The most common routes for exit are through IPO or mergers and acquisitions (M&A). Somewhat contrary to popular belief, IPOs represent a significant minority of liquidity events. IPOs depend on a number of factors, including the stock market's appetite for new issues. Even in 1999, at the height of the dotcom bubble, IPOs accounted for only $17.8 billion of VC exits as compared to $36.5 billion through M&A. In 2006, IPOs represented $5.1 billion of exits and M&A accounted for $16.7 billion. Predictably, the volume of exit activity has a close correlation to the amount of new VC investment. In 2000, U.S. venture investment reached an all-time high of $106.8 billion. That had fallen to $19.9 billion by 2003 amid the wreckage caused by the tech bubble's bursting. However, nearly a decade after in 2011, combined exit activity rose to $53.2 billion with the rise if new startups.
VC Goes Global
Venture capital has traditionally been a highly-localized business. For a time, it was common for VCs (in the mega centers of San Jose, Austin or Boston) to travel no more than 30 miles to visit a prospective investee company. This has begun to change with the increasingly global nature of the business. Although the U.S. still leads world volume by a considerable margin, there is a pace of robust activity in global VC hotspots such as Munich, Tel Aviv, Bangalore and Kuala Lumpur. The development of an active market and investment process for early stage companies in other countries has started to put pressure on U.S. VCs to look beyond than their own back yards, not only for prospective investments but for cost-effective partners, suppliers and buyers for their existing portfolios.
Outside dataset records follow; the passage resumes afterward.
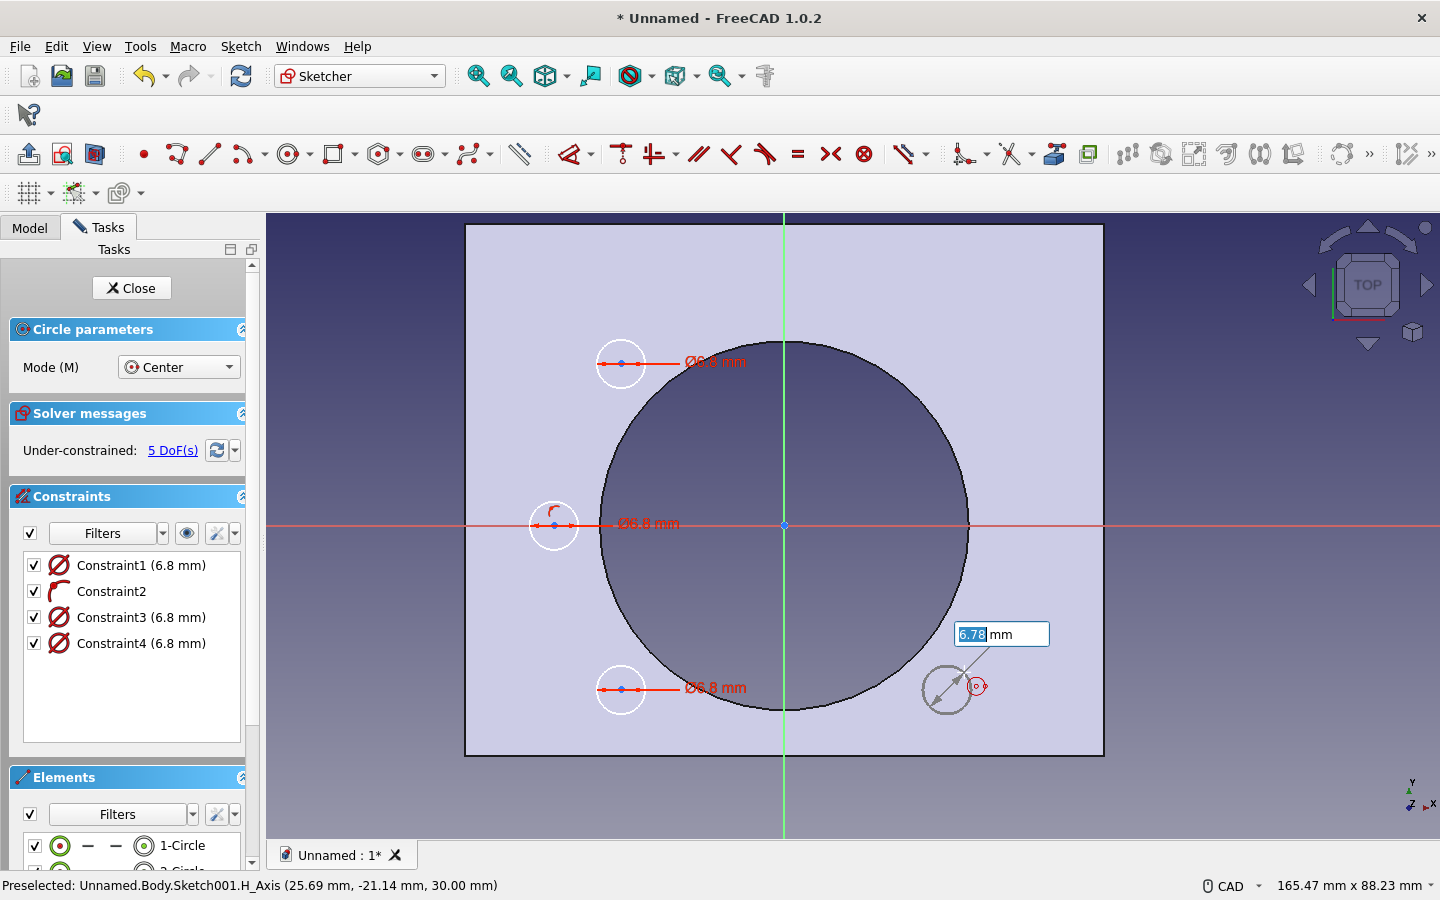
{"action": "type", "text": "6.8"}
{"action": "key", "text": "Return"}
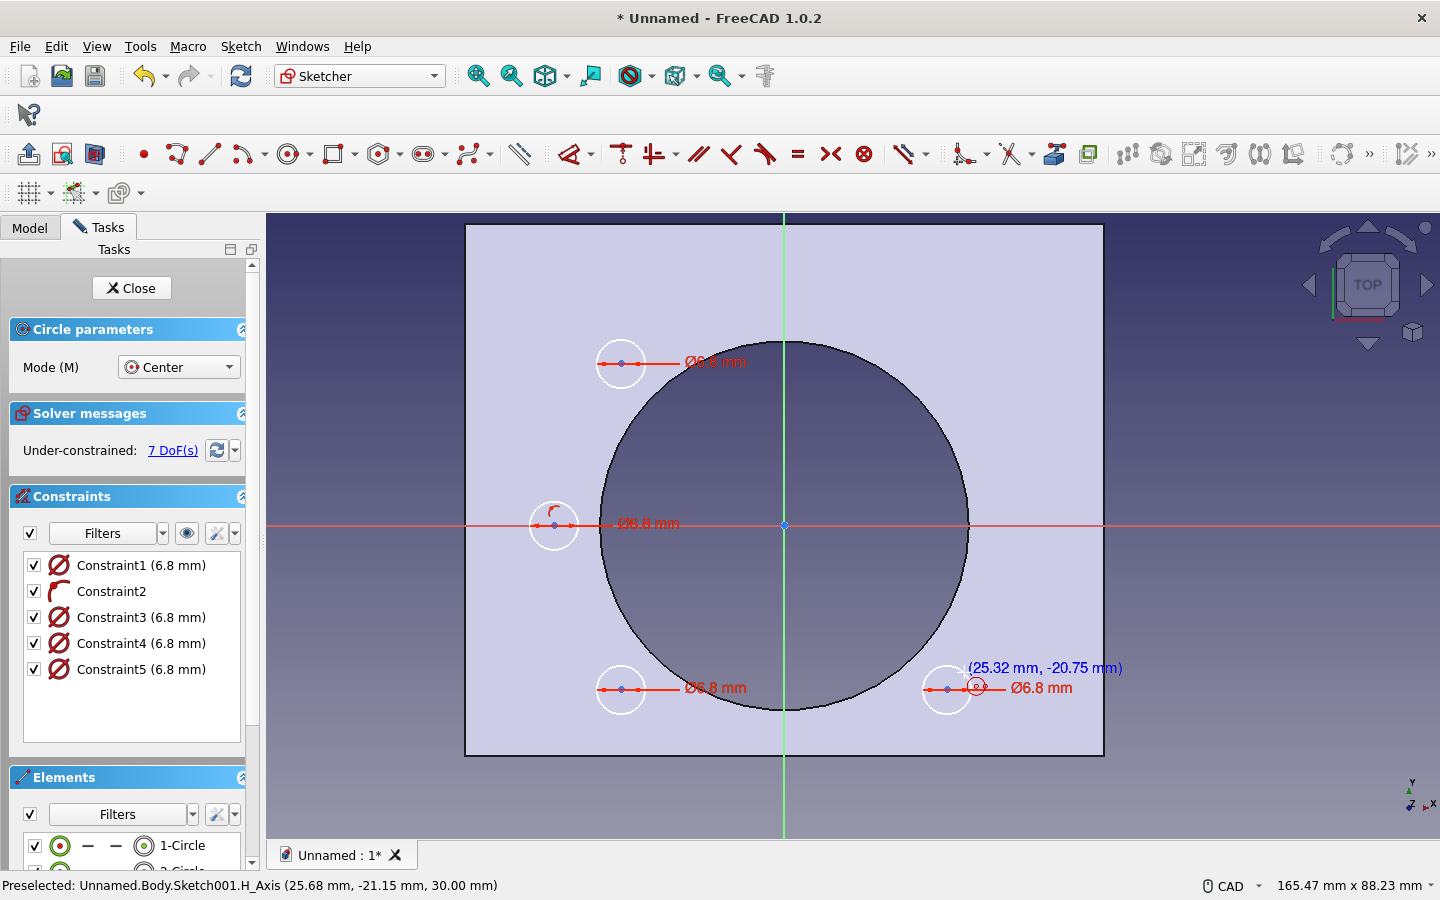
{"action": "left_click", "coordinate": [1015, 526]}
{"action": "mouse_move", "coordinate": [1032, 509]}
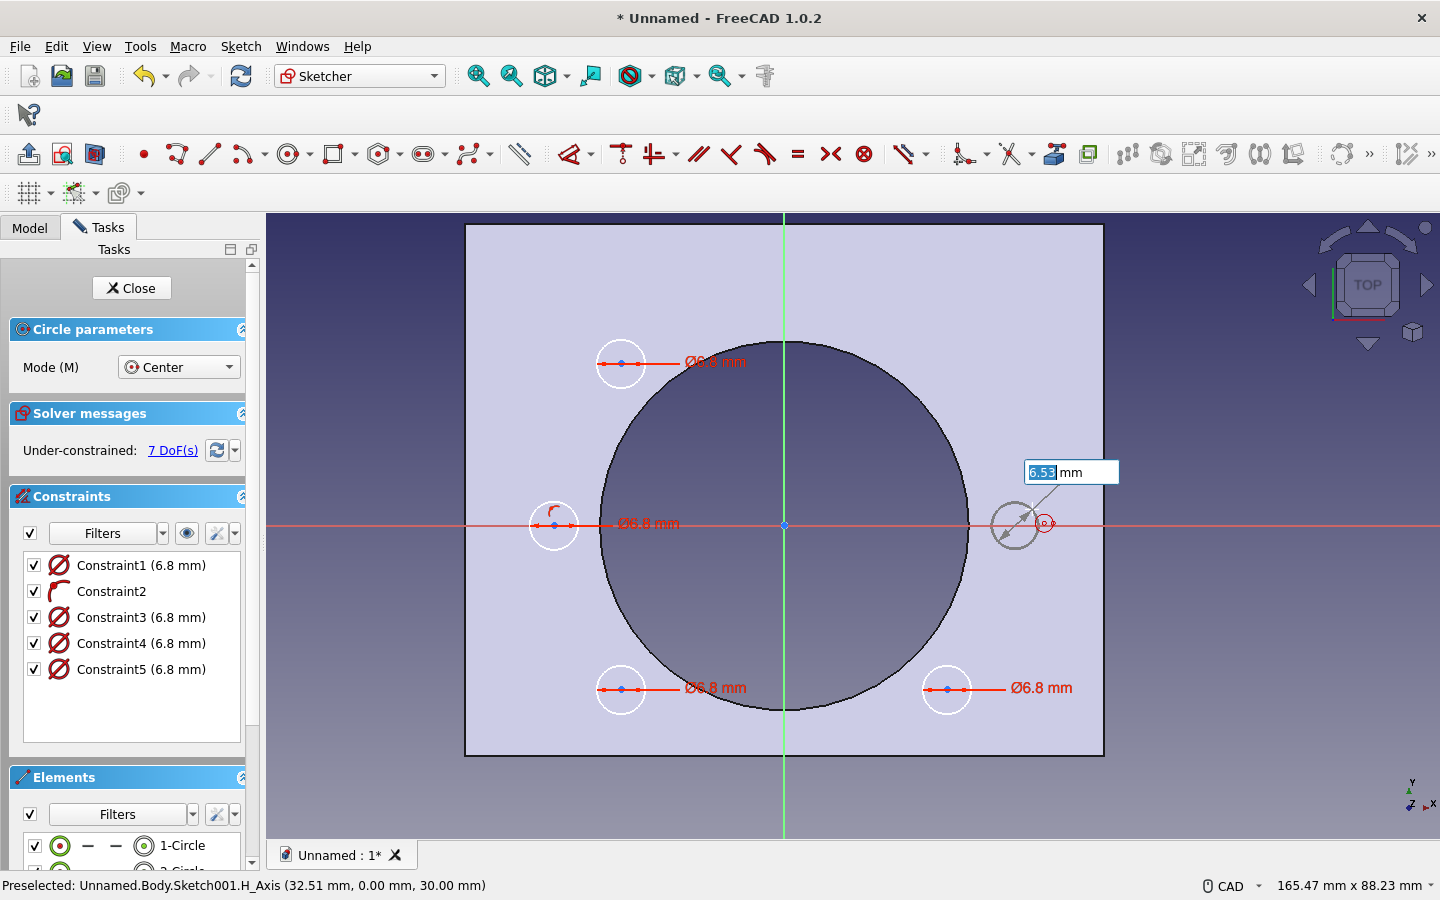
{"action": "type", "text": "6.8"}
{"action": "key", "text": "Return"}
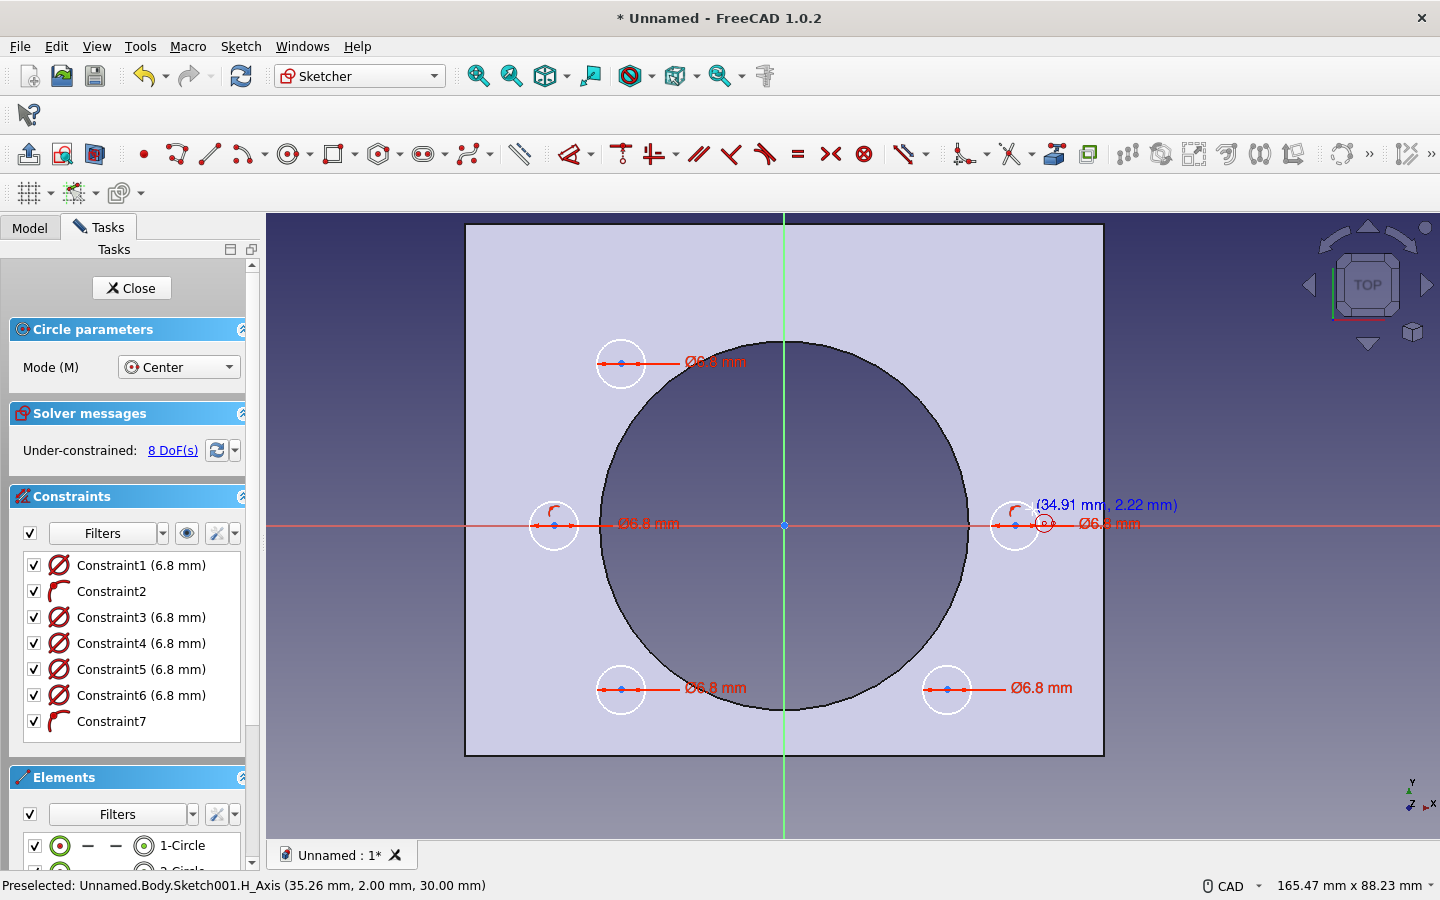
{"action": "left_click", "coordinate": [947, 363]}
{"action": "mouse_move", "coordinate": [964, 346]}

Investing in VC - Risks and Considerations
The risk factors associated with a VC investment are considerably higher than those for more established companies trading on public securities exchanges. In addition to the fundamental requirement of being a very high net worth investor with the capacity (and the propensity) to take on the liquidity and other risks of private investments, you need to have access to a VC fund to participate in the institutional financing rounds. VCs typically raise funds for their deals through private placement offerings and furnish potential investors with a memorandum outlining, among other things, the firm's strategy, target market, risk factors, deal team members and pipeline of potential deals. The most common structure is a limited partnership where the VC firm acts as the general partner and private investors are the limited partners. The traditional cost structure for a venture capital partnership is a 2% management fee and 20% performance fee or "cost of carry" - the percentage of profits earned by the general partner with the remainder distributed to the limited partners.
The Bottom Line
Regardless of how well the market for technology stocks is doing at any point, venture capital is a very important piece of our financial system. Models that have worked for many years in the U.S. are now being replicated in global markets and changing the shape of the industry. VC investing is different from investing in liquid, publicly traded securities. However, many public companies once existed as VC investments, so knowing how this market works is a useful piece of knowledge about many companies.